**Problem to solve**:
Within this material, state how many lines include the string "pitch". Reply with the number only.

**Task inputs**:
++++++++++++++++++++

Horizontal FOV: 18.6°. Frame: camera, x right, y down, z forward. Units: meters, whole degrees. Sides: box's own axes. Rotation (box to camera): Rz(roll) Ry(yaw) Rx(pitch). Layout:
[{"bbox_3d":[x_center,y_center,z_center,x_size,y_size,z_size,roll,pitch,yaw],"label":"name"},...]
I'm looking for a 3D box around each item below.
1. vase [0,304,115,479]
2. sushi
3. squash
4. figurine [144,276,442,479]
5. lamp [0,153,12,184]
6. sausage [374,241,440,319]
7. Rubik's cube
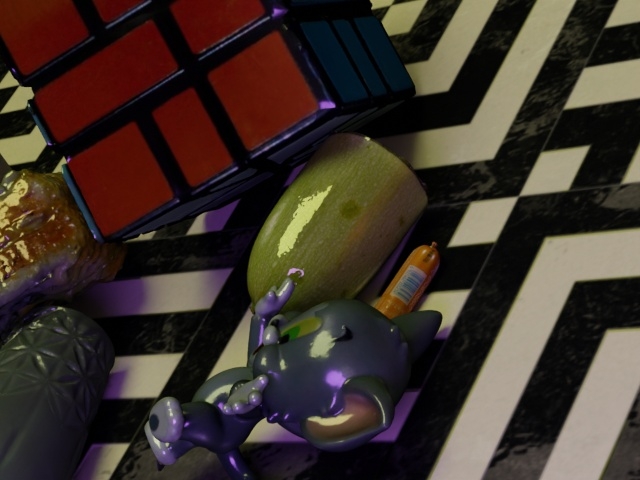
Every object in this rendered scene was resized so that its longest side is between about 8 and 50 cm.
[{"bbox_3d":[-0.303,0.191,1.835,0.251,0.156,0.301,7,41,15],"label":"vase"},{"bbox_3d":[-0.309,0.014,2.010,0.184,0.139,0.274,-35,-9,0],"label":"sushi"},{"bbox_3d":[0.000,0.000,1.787,0.187,0.123,0.123,-51,32,-20],"label":"squash"},{"bbox_3d":[-0.038,0.137,1.632,0.265,0.140,0.193,-42,5,20],"label":"figurine"},{"bbox_3d":[-0.542,-0.052,2.336,0.301,0.247,0.247,-9,44,30],"label":"lamp"},{"bbox_3d":[0.076,0.043,1.731,0.031,0.031,0.107,3,49,50],"label":"sausage"},{"bbox_3d":[-0.114,-0.188,1.901,0.293,0.283,0.288,-26,0,17],"label":"Rubik's cube"}]

++++++++++++++++++++

**Task result**:
2